Your objective: Reproduce the entries below exactly, but only from the line containing "19) supplement tub [457,170,584,347]" to the line containing "20) ink cartridge box [403,105,486,226]", inclusive.

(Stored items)
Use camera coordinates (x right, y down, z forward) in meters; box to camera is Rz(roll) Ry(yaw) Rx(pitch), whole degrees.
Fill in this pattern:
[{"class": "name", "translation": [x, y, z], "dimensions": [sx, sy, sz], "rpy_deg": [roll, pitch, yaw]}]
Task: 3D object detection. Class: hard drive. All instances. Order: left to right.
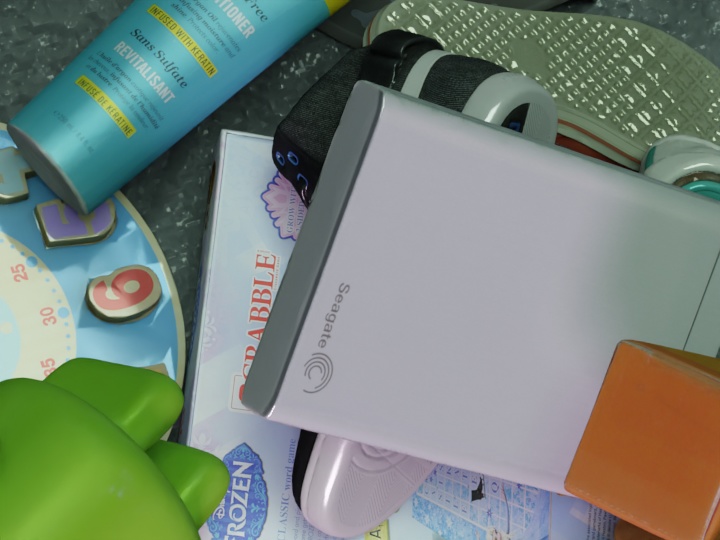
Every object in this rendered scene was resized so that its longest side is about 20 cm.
[{"class": "hard drive", "translation": [0.060, 0.015, 1.151], "dimensions": [0.199, 0.027, 0.133], "rpy_deg": [16, 97, -34]}]

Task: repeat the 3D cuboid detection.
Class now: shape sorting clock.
[{"class": "shape sorting clock", "translation": [-0.171, 0.029, 1.216], "dimensions": [0.198, 0.039, 0.201], "rpy_deg": [3, 73, -9]}]

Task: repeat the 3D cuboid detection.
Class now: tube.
[{"class": "tube", "translation": [-0.060, -0.107, 1.234], "dimensions": [0.200, 0.050, 0.077], "rpy_deg": [-44, 91, -13]}]

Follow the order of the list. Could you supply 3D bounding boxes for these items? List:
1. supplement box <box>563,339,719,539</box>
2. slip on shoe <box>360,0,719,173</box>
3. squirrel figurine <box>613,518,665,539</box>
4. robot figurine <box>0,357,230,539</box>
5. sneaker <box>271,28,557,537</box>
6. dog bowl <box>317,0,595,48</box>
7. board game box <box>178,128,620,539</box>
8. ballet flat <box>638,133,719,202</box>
[{"class": "supplement box", "translation": [0.156, 0.074, 1.171], "dimensions": [0.066, 0.200, 0.069], "rpy_deg": [24, 97, 28]}, {"class": "slip on shoe", "translation": [0.087, -0.072, 1.285], "dimensions": [0.199, 0.061, 0.075], "rpy_deg": [9, 60, -21]}, {"class": "squirrel figurine", "translation": [0.168, 0.213, 1.157], "dimensions": [0.199, 0.141, 0.188], "rpy_deg": [15, 91, -16]}, {"class": "robot figurine", "translation": [-0.140, 0.122, 1.118], "dimensions": [0.200, 0.115, 0.176], "rpy_deg": [-46, 126, -28]}, {"class": "sneaker", "translation": [0.000, 0.000, 1.202], "dimensions": [0.112, 0.073, 0.201], "rpy_deg": [27, 96, 38]}, {"class": "dog bowl", "translation": [0.037, -0.195, 1.312], "dimensions": [0.199, 0.059, 0.202], "rpy_deg": [3, 73, -9]}, {"class": "board game box", "translation": [0.024, 0.053, 1.241], "dimensions": [0.198, 0.041, 0.201], "rpy_deg": [9, 72, -7]}, {"class": "ballet flat", "translation": [0.198, -0.001, 1.268], "dimensions": [0.199, 0.069, 0.070], "rpy_deg": [33, 68, -24]}]
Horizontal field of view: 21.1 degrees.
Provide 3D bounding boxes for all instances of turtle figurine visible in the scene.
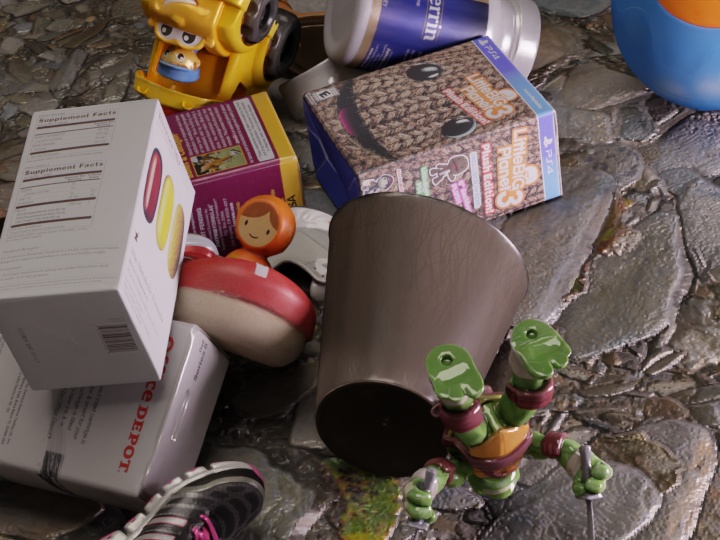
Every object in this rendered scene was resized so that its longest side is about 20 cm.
[{"bbox_3d":[0.107,0.143,1.390,0.143,0.195,0.201,9,51,14],"label":"turtle figurine"}]

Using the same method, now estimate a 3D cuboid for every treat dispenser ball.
[{"bbox_3d":[0.342,-0.255,1.869,0.199,0.202,0.202,-6,37,4],"label":"treat dispenser ball"}]

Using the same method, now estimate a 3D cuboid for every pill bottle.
[{"bbox_3d":[0.072,-0.244,1.933,0.198,0.116,0.116,10,32,-19],"label":"pill bottle"}]

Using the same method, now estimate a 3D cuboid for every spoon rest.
[{"bbox_3d":[0.013,-0.220,1.993,0.199,0.100,0.061,-30,-2,-19],"label":"spoon rest"}]

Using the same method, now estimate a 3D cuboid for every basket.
[{"bbox_3d":[0.039,0.057,1.580,0.179,0.136,0.201,22,45,-6],"label":"basket"}]

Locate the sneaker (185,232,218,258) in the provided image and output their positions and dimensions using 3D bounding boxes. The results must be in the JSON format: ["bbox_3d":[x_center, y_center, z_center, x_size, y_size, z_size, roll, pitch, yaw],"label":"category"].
[{"bbox_3d":[-0.212,0.038,1.704,0.199,0.072,0.113,-20,34,-2],"label":"sneaker"}]

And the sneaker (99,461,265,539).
[{"bbox_3d":[-0.143,0.222,1.451,0.199,0.074,0.087,-33,42,-21],"label":"sneaker"}]

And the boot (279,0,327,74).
[{"bbox_3d":[-0.084,-0.270,2.084,0.198,0.074,0.155,-6,33,0],"label":"boot"}]

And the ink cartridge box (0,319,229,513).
[{"bbox_3d":[-0.224,0.106,1.562,0.199,0.084,0.147,11,72,23],"label":"ink cartridge box"}]

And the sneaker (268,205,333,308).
[{"bbox_3d":[0.000,0.000,1.722,0.199,0.076,0.092,1,45,26],"label":"sneaker"}]

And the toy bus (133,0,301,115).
[{"bbox_3d":[-0.163,-0.198,1.902,0.135,0.200,0.193,22,83,16],"label":"toy bus"}]

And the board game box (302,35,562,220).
[{"bbox_3d":[0.067,-0.119,1.831,0.199,0.097,0.160,-19,38,-12],"label":"board game box"}]

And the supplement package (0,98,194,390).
[{"bbox_3d":[-0.207,-0.022,1.511,0.109,0.114,0.201,-5,49,12],"label":"supplement package"}]

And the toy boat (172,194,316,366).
[{"bbox_3d":[-0.094,0.000,1.620,0.130,0.132,0.200,20,3,-10],"label":"toy boat"}]

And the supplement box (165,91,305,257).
[{"bbox_3d":[-0.160,-0.074,1.814,0.198,0.104,0.131,-14,37,-8],"label":"supplement box"}]

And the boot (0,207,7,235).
[{"bbox_3d":[-0.443,-0.031,1.834,0.199,0.074,0.154,-25,39,-38],"label":"boot"}]
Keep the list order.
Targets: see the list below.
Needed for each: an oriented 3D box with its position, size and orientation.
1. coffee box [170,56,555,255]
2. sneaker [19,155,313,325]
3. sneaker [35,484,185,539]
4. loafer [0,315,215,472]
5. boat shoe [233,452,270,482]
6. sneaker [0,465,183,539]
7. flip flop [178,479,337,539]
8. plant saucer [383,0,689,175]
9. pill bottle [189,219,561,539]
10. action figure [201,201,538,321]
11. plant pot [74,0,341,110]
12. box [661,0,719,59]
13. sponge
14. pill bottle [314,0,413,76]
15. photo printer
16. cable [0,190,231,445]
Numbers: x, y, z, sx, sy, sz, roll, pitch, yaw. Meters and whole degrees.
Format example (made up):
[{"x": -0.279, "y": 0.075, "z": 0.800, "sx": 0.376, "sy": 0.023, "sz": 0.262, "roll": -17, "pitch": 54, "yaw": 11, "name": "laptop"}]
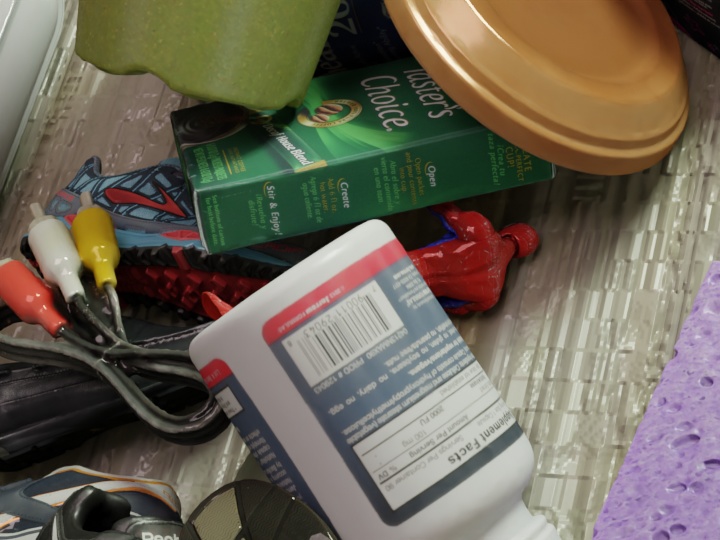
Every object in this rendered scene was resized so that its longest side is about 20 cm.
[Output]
[{"x": -0.001, "y": -0.072, "z": 1.313, "sx": 0.199, "sy": 0.044, "sz": 0.123, "roll": -12, "pitch": 27, "yaw": -5, "name": "coffee box"}, {"x": -0.103, "y": -0.028, "z": 1.361, "sx": 0.199, "sy": 0.079, "sz": 0.096, "roll": 11, "pitch": 60, "yaw": 28, "name": "sneaker"}, {"x": -0.104, "y": 0.176, "z": 1.133, "sx": 0.200, "sy": 0.071, "sz": 0.098, "roll": 42, "pitch": 105, "yaw": 42, "name": "sneaker"}, {"x": -0.140, "y": 0.053, "z": 1.320, "sx": 0.200, "sy": 0.068, "sz": 0.071, "roll": -20, "pitch": 78, "yaw": 13, "name": "loafer"}, {"x": -0.041, "y": 0.138, "z": 1.235, "sx": 0.202, "sy": 0.061, "sz": 0.072, "roll": -57, "pitch": 19, "yaw": -22, "name": "boat shoe"}, {"x": -0.187, "y": 0.157, "z": 1.266, "sx": 0.199, "sy": 0.079, "sz": 0.079, "roll": -8, "pitch": 21, "yaw": 15, "name": "sneaker"}, {"x": -0.011, "y": 0.181, "z": 1.105, "sx": 0.200, "sy": 0.058, "sz": 0.081, "roll": 40, "pitch": 73, "yaw": 19, "name": "flip flop"}, {"x": 0.103, "y": -0.140, "z": 1.289, "sx": 0.037, "sy": 0.199, "sz": 0.201, "roll": -51, "pitch": 39, "yaw": 39, "name": "plant saucer"}, {"x": 0.016, "y": 0.088, "z": 1.159, "sx": 0.119, "sy": 0.120, "sz": 0.201, "roll": -33, "pitch": 89, "yaw": -1, "name": "pill bottle"}, {"x": 0.000, "y": 0.000, "z": 1.292, "sx": 0.199, "sy": 0.066, "sz": 0.099, "roll": -17, "pitch": 29, "yaw": -21, "name": "action figure"}, {"x": -0.075, "y": -0.191, "z": 1.280, "sx": 0.200, "sy": 0.200, "sz": 0.185, "roll": 22, "pitch": 103, "yaw": 33, "name": "plant pot"}, {"x": 0.197, "y": -0.229, "z": 1.347, "sx": 0.132, "sy": 0.115, "sz": 0.200, "roll": -41, "pitch": 52, "yaw": -7, "name": "box"}, {"x": 0.194, "y": 0.093, "z": 1.183, "sx": 0.111, "sy": 0.030, "sz": 0.201, "roll": 14, "pitch": 64, "yaw": 29, "name": "sponge"}, {"x": -0.031, "y": -0.172, "z": 1.408, "sx": 0.199, "sy": 0.111, "sz": 0.112, "roll": -8, "pitch": 55, "yaw": 18, "name": "pill bottle"}, {"x": -0.285, "y": -0.124, "z": 1.509, "sx": 0.165, "sy": 0.070, "sz": 0.201, "roll": 3, "pitch": 59, "yaw": 25, "name": "photo printer"}, {"x": -0.146, "y": 0.034, "z": 1.265, "sx": 0.097, "sy": 0.050, "sz": 0.200, "roll": -34, "pitch": 42, "yaw": -9, "name": "cable"}]
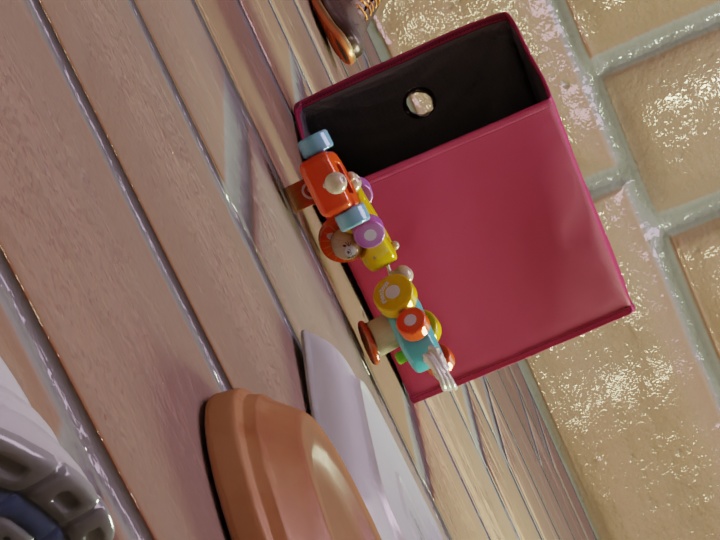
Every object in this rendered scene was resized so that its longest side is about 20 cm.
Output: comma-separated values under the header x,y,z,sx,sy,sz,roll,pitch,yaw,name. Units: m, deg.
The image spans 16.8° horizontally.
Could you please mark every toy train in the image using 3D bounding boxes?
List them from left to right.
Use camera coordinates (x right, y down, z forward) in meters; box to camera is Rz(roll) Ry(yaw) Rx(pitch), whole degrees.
x,y,z,sx,sy,sz,roll,pitch,yaw,name
0.000,0.000,1.690,0.200,0.056,0.150,63,7,-5,toy train

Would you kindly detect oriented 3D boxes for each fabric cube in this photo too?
x,y,z,sx,sy,sz,roll,pitch,yaw,name
0.081,-0.054,1.936,0.200,0.196,0.199,-104,169,-63,fabric cube

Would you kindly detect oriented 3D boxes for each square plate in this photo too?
x,y,z,sx,sy,sz,roll,pitch,yaw,name
0.023,0.153,1.365,0.198,0.028,0.200,-104,169,-63,square plate

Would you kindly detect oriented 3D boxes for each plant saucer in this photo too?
x,y,z,sx,sy,sz,roll,pitch,yaw,name
-0.009,0.139,1.044,0.200,0.037,0.200,-23,90,-85,plant saucer

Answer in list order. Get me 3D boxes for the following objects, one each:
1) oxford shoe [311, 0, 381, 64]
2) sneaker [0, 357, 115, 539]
x,y,z,sx,sy,sz,roll,pitch,yaw,name
-0.013,-0.299,2.738,0.200,0.073,0.071,-105,171,-55,oxford shoe
-0.116,0.004,0.467,0.087,0.074,0.200,56,-9,34,sneaker
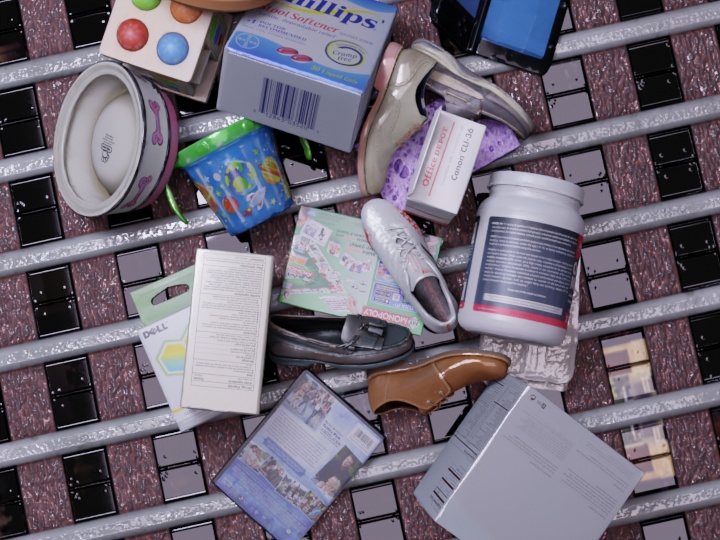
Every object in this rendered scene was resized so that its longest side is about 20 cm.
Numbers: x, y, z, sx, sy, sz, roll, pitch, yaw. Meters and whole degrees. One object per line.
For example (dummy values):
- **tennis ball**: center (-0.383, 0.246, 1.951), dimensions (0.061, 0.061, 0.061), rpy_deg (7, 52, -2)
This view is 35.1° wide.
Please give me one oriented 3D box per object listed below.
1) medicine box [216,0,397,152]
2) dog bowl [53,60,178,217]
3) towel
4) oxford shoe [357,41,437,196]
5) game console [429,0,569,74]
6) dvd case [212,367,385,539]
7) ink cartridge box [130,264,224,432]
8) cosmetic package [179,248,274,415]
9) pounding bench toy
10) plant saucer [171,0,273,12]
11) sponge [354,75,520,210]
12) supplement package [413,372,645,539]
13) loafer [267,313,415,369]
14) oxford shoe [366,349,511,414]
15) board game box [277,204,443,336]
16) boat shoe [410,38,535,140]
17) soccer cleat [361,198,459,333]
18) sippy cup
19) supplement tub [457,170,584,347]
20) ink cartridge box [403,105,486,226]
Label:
- **medicine box**: center (-0.066, -0.273, 1.462), dimensions (0.180, 0.103, 0.201), rpy_deg (18, 47, 1)
- **dog bowl**: center (-0.314, -0.165, 1.477), dimensions (0.199, 0.073, 0.203), rpy_deg (-5, 83, 42)
- **towel**: center (0.224, 0.059, 1.521), dimensions (0.131, 0.034, 0.202), rpy_deg (3, 87, 0)
- **oxford shoe**: center (0.045, -0.186, 1.468), dimensions (0.073, 0.071, 0.202), rpy_deg (17, 110, 11)
- **game console**: center (0.196, -0.388, 1.510), dimensions (0.115, 0.176, 0.202), rpy_deg (14, 86, 30)
- **dvd case**: center (-0.083, 0.252, 1.522), dimensions (0.142, 0.018, 0.200), rpy_deg (40, 89, 3)
- **ink cartridge box**: center (-0.227, 0.100, 1.511), dimensions (0.103, 0.059, 0.202), rpy_deg (-24, 87, -1)
- **cosmetic package**: center (-0.168, 0.079, 1.448), dimensions (0.104, 0.071, 0.202), rpy_deg (7, 84, -3)
- **pounding bench toy**: center (-0.240, -0.345, 1.489), dimensions (0.123, 0.156, 0.202), rpy_deg (18, 87, 2)
- **plant saucer**: center (-0.193, -0.377, 1.425), dimensions (0.198, 0.201, 0.033), rpy_deg (17, 129, 2)
- **sponge**: center (0.104, -0.167, 1.537), dimensions (0.199, 0.030, 0.112), rpy_deg (-29, 87, -1)
- **supplement package**: center (0.207, 0.268, 1.440), dimensions (0.191, 0.147, 0.201), rpy_deg (37, 88, -8)
- **loafer**: center (-0.030, 0.086, 1.486), dimensions (0.198, 0.072, 0.063), rpy_deg (-3, 125, 11)
- **oxford shoe**: center (0.102, 0.149, 1.473), dimensions (0.198, 0.071, 0.072), rpy_deg (-15, 57, 23)
- **board game box**: center (0.000, 0.000, 1.530), dimensions (0.198, 0.029, 0.136), rpy_deg (13, 88, 1)
- **boat shoe**: center (0.138, -0.224, 1.498), dimensions (0.199, 0.074, 0.074), rpy_deg (37, 97, 12)
- **soccer cleat**: center (0.067, -0.008, 1.473), dimensions (0.068, 0.085, 0.201), rpy_deg (-30, 87, -1)
- **sippy cup**: center (-0.156, -0.123, 1.495), dimensions (0.177, 0.140, 0.131), rpy_deg (-24, 98, 27)
- **supplement tub**: center (0.206, -0.012, 1.440), dimensions (0.139, 0.140, 0.202), rpy_deg (11, 86, 1)
- **ink cartridge box**: center (0.104, -0.127, 1.421), dimensions (0.067, 0.200, 0.118), rpy_deg (18, 88, 2)
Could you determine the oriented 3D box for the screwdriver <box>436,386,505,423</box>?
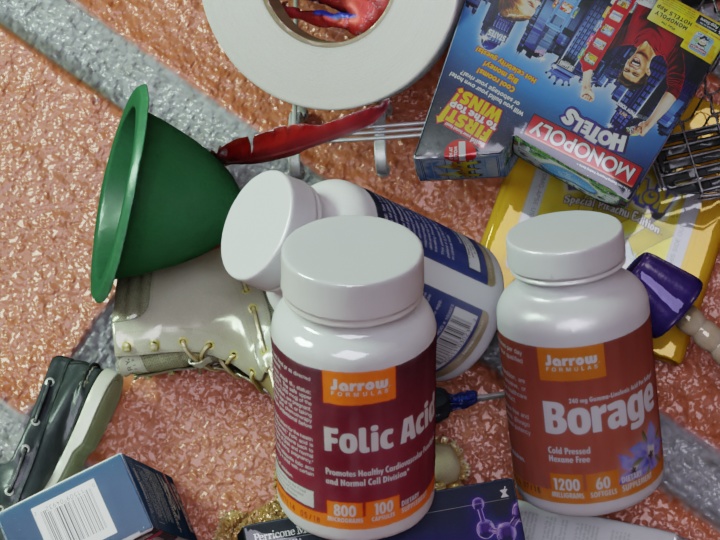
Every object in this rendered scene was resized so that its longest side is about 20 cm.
[{"bbox_3d":[0.101,0.090,1.612,0.198,0.028,0.029,-12,102,-15],"label":"screwdriver"}]

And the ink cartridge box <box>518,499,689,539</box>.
[{"bbox_3d":[0.133,0.257,1.606,0.198,0.047,0.162,10,81,24],"label":"ink cartridge box"}]

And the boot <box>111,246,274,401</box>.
[{"bbox_3d":[-0.106,0.066,1.619,0.153,0.072,0.201,-13,59,4],"label":"boot"}]

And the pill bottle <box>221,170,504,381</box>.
[{"bbox_3d":[0.000,0.000,1.566,0.199,0.111,0.112,24,81,-35],"label":"pill bottle"}]

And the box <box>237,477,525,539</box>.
[{"bbox_3d":[0.022,0.236,1.538,0.198,0.079,0.142,-10,78,-8],"label":"box"}]

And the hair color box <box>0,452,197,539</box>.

Response box:
19) supplement tub [457,170,584,347]
20) ink cartridge box [403,105,486,226]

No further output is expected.